Hey thanks for the responses guys! Ted i have read all of your pages on gregs website! Very informative! And your right the main reason i want bigger wheels is to correct the height of the loco for kadees... As i want to fill in the huge hole as well! I can see were the small flanges would be a problem... I guess you can get away with that in smaller scales, i did look up the thread were that guy used the sd70 wheels and i tried getting the sd40 wheels but robby at rld said usa was out of them... So i did order one set of the ss 36 wheels from nwsl so i do not know if i will get them or not...


----------



## apo234 (Aug 14, 2013)

well I ordered a set of wheels and it toke months to get them... didn't even know i was getting then until they just randomly showed up at my house one evening... they are the 36 inch ones and are stainless steel... or so it says...



This is the locomotive they will go in to, a USA trains gp38-2! I was installing a phoenix p8 sound card in the SD70MAC when the wheels arrived which is why it is in pieces...



I then toke the motor blocks apart and started taking out the old wheels... this is the 1st time i had ever been in a USA trains motor block... and the motors are huge!!!! which is awesome... but I was alittle worried about the wire size they used in the motor block... seems way to small... but ill watch the wires and see if they need replaced with bigger sized wires in the future... 



here are the old USA trains wheels... look how small they are!!!!!!!!



now right out of the box i noticed problems with the NWSL wheels... they did not have great quality control i guess... they left some scrap metal on the wheels in two places... the back were the axle meets the wheel and on the front of the wheel were the axle goes in to the side frames... so i put the wheels in a drill and got a file and then filed them down to get ride of the metal... if you don't do that the bearings will not ride right and the front of the axle wont even go in to the side frames! 







now with that problem taken care of... i moved on to getting the USA wheels off of the gears... I put the wheels in a vice and pulled them slowly down with a pair of needles nose pliers... worked great for all the wheels exp for one... didn't even know i could do this... 



now one problem I have with the NWSL wheels is that the ends of the axles aren't as good as the USA trains wheels as shown in the pics... they would be great if they improved this... or had the wheels come with some kind of metal gears...

USA wheels


NWSL wheels


now with all of those problems solved... one last problem was making the slider touch the rails again because these need a lot of electricity to work and i wanted to keep the sliders... so i grinded away part of the plastic to let them come down farther



Now look at the trucks! looks so much better!!!!!!!!!!!!!!!!





Now look at the locomotive!!!! looks way better to!!!!! you can see the wheels now!!!



Here is it coupled to another gp38-2 that still has the USA wheels on it



Now here is it Next to a USA trains SD40-2, it is pretty close to the right height now!! now I can add kadee couplers to the gp38-2 and be happy about it... (so far)


----------



## East Broad Top (Dec 29, 2007)

Thanks for the photos.
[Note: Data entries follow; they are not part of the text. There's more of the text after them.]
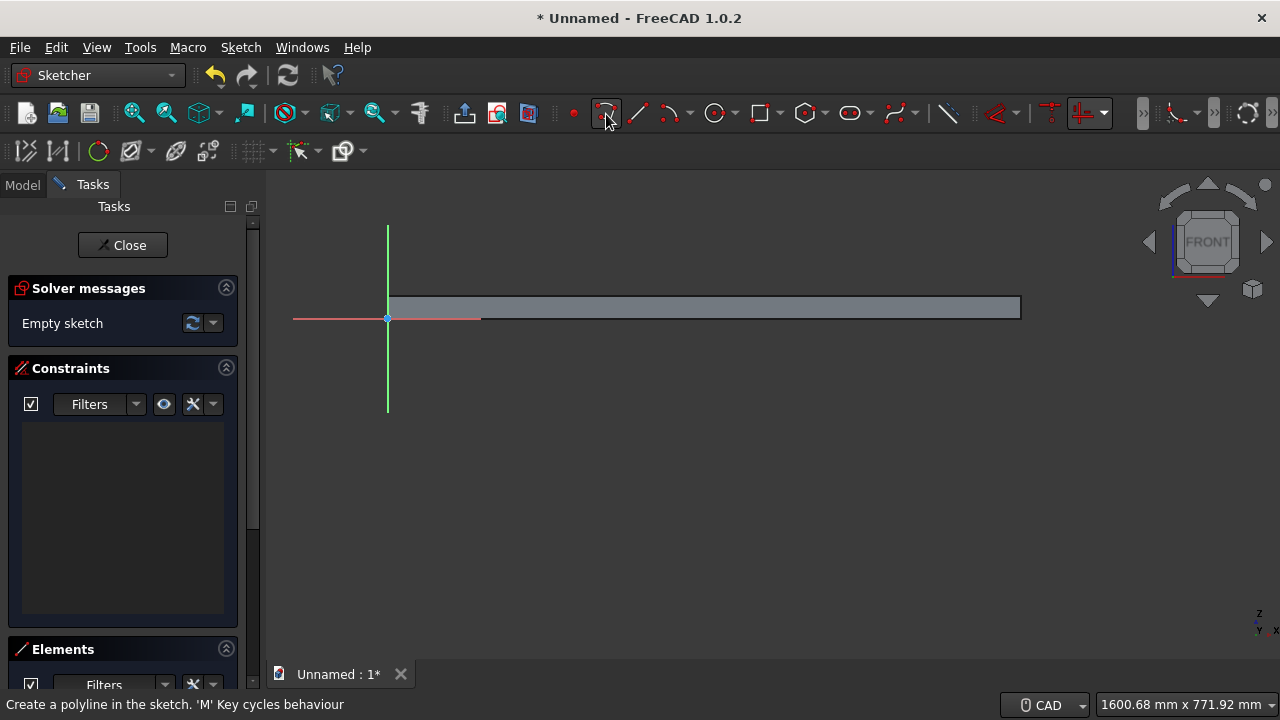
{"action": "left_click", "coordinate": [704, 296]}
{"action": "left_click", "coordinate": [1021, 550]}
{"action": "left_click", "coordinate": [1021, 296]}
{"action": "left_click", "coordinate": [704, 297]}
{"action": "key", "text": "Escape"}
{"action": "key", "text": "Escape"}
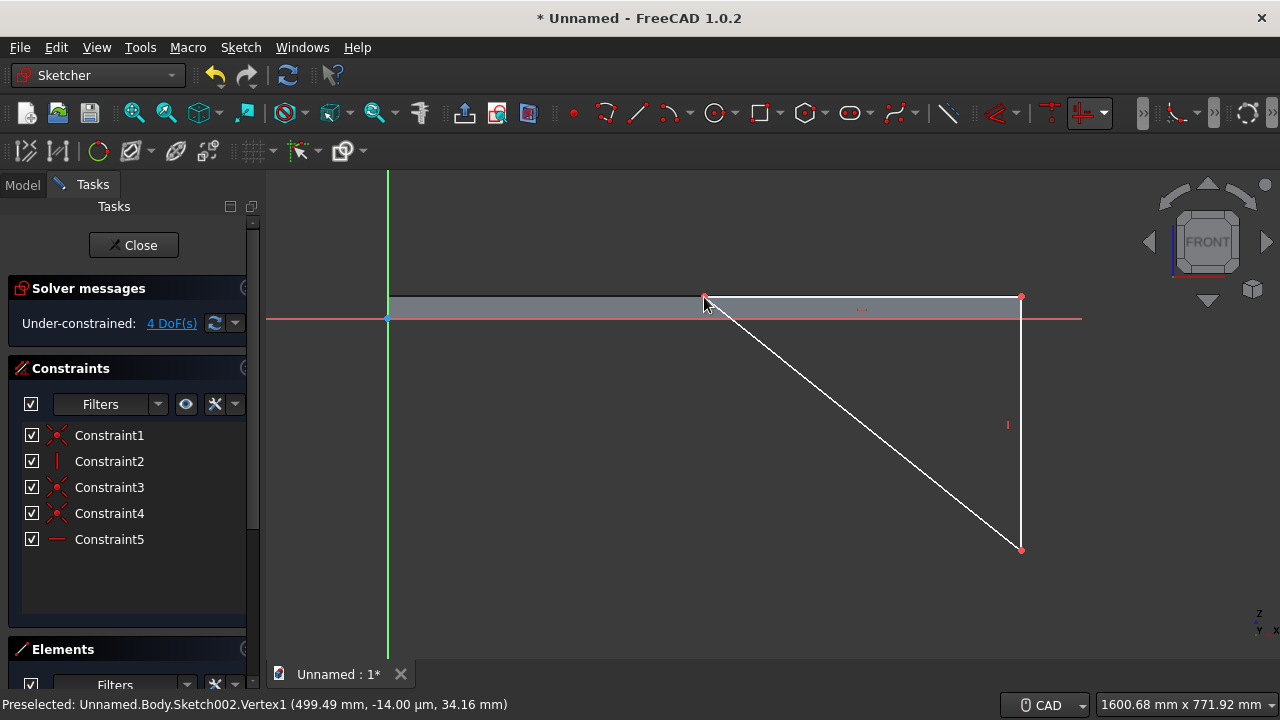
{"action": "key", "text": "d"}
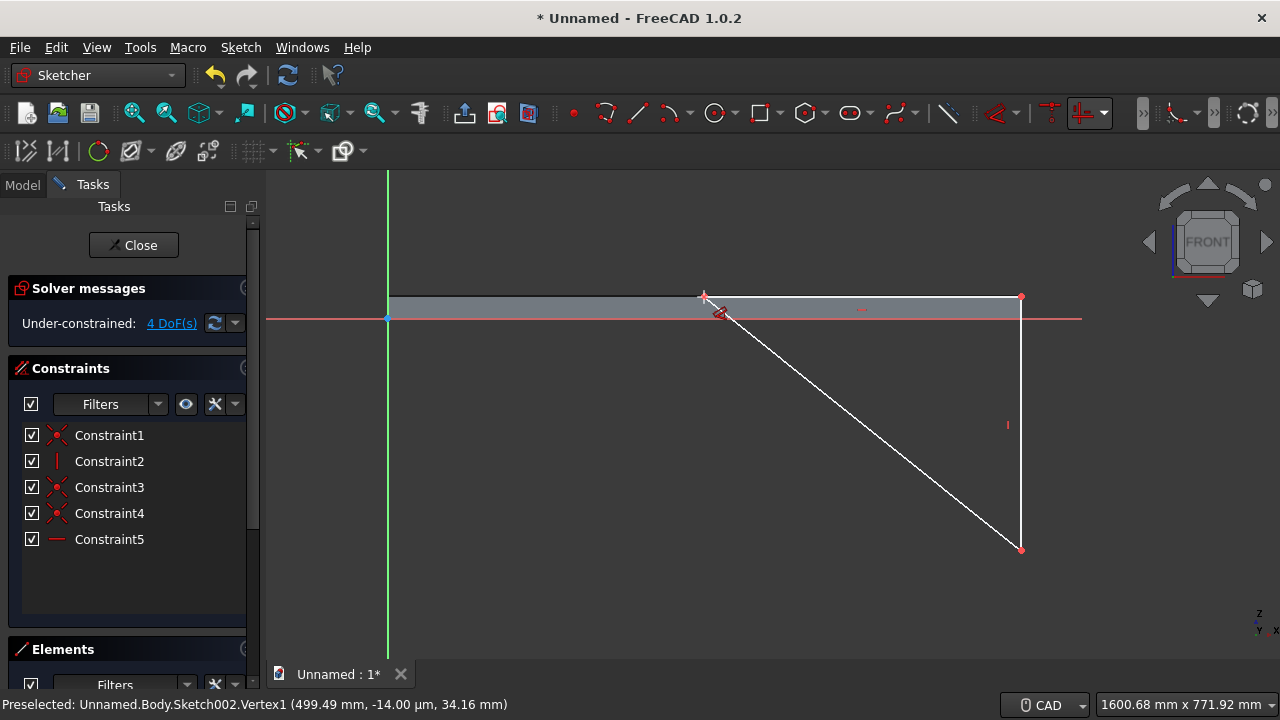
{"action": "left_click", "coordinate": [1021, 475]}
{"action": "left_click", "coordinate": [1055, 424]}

I've got an NW-2 project coming up which I think will benefit from larger-diameter wheels. (Upsizing it to 1:22.5.) I hadn't checked to see if the replacement wheels were still available, so I'm glad they are. I'll be ordering a set.

Later,

K


----------



## Ted Doskaris (Oct 7, 2008)

APO (It would be nice to know your name).

Thanks so much for your informative response - job well done.

Do you have any operational problems on your layout track work with the loco having the new NWSL wheels, particularly, when going through turnouts facing the point rails and frog point?

-Ted


----------



## apo234 (Aug 14, 2013)

oh hey ted! thank you for your thanks! also my name is Andrew... well when I 1st put the wheels into the USA gears they were to far apart and didn't have any play when you put them on the rails... so i put the USA wheels back in the gears and put them back on the rails to see what kind of play they had... which they could move back and forth a little bit... so i gauged them to that... and I had to grind a little off the ends of the NWSL wheels to get them to that gauge... which I forgot to put in the pictures sadly... but after all that work the engine runs great and looks great and doesn't derail or pick switches in either path, i also thought i would lose a lot of pulling power when i lost the traction tires but in fact it can still pull 20 mostly USA modern tankers and hoppers which weigh a lot with out slipping at all!


----------



## apo234 (Aug 14, 2013)

Well I just fisnhed installing another set of wheels on my other USA GP38-2 and i thought i would post some photos of the before and after of the side frames to show you how much you have to grind away because i forgot to post them in the last set of pics I put up on here... as you can see in these photos i think grinding away part of the brake shoes makes it look better anyway... here is before photo...



and here is the after photo... I don't know about you guys but i think it looks way better!



I also would like to say that this time after i ordered the wheels I got an email 2 days later saying they where shipped! I was really surprised at that! also these new set of wheels did not have that huge problem last time of metal trimmings left everywhere on them! only took a couple of hours to install this set this time!!! I will be ordering one more set for a USA GP7 that I have


----------